In what way is that me.."come up with your answer to what I say before I even reply". I replied *after* your reply.

Was it the speed of the reply?


----------



## peter pettishrooms (Apr 20, 2015)

I grew up in a multicultural household and I can see that it varies from culture to culture. Generally, my American side is more accepting when it comes to expressing sadness and depression isn't as highly stigmatized. I remember when I was younger during the few times I've cried, I got the impression that my father would get angry at me for that. I've never seen my father cry and to him, crying is an irrational response to when things don't go as you had hoped. That you can't handle reality.


----------



## flummoxed (Jun 29, 2015)

Just going to parrot what most people said here about emotions being a real weakness and not just a perceived one. I think the quote below is a good way of thinking about it. Whether they realize it or not humans contain (at least) two competing personalities. The rational one which is our true conscious self and the emotional one which is our animal instincts. The more our emotional self pulls on our strings the less control we really have over our lives. We are not free to dictate the direction of our lives so long as another force exists which can pull us this way and that at a whim.

“I hover over myself
Watching.
Mind and body separated,
Each in control
As though there are two puppeteers
Working the strings of my marionette self.”

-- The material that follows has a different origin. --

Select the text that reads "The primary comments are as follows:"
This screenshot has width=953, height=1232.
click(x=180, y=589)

― Stasia Ward Kehoe, Audition


----------



## Clyme (Jul 17, 2014)

Another Lost Cause said:


> I've always been a bit perplexed why showing emotions, especially sad-type emotions where one might shed a tear or two, is often considered to be a sign of weakness and worthy of condemnation. What's even more perplexing, is why there seems to be a high number of feeling types who are particularly apt to condemn such emotional expression as weakness. Why is showing emotion a sign of weakness?
> 
> My theory is that maybe people consider the strong showing of emotions to be evidence that the person is unable to adapt to a situation somehow, or maybe has lost the ability to react in some appropriate way. Perhaps feeling types expect themselves and others to have a command of emotion and scoff when others show a lack of such command? I don't know, I've always been interested in this perplexing bit of human psychology.

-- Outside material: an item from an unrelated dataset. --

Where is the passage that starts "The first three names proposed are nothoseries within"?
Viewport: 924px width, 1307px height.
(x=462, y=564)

I don't know if this is correct at all, but I have a theory as well. I don't think people actually think so deeply about the inability to adapt or any of that. I think it's socialization and social conditioning above all else, but why is that value there? We live in legal-rational societies. The Enlightenment brought us the idea that reason was to be valued most strongly and that it was reason that aided us. Somewhere along the way, this was contrasted with emotion. I'm sure you're aware of the common spectrum where people believe that emotion is the antithesis of reason. As our societies were constructed and defined according to the ideas of the Enlightenment and the French or American Revolution (depending on where you are), so too were the values of science and reason embedded in us. It's reflected in our institutions everywhere. Unfortunately, emotion was incorrectly thrown in as reason's antithesis and viewed poorly as such. Anyway, I don't know if I'm correct, but I think that's the social basis of this in Western societies.


----------



## Jehneefur (Jun 18, 2013)

I think logic/reason go hand in hand with emotion. If something you care about is destroyed and/or killed or flourishes and becomes great- you naturally come to an emotional response. Success and failure- they have feelings tied to them.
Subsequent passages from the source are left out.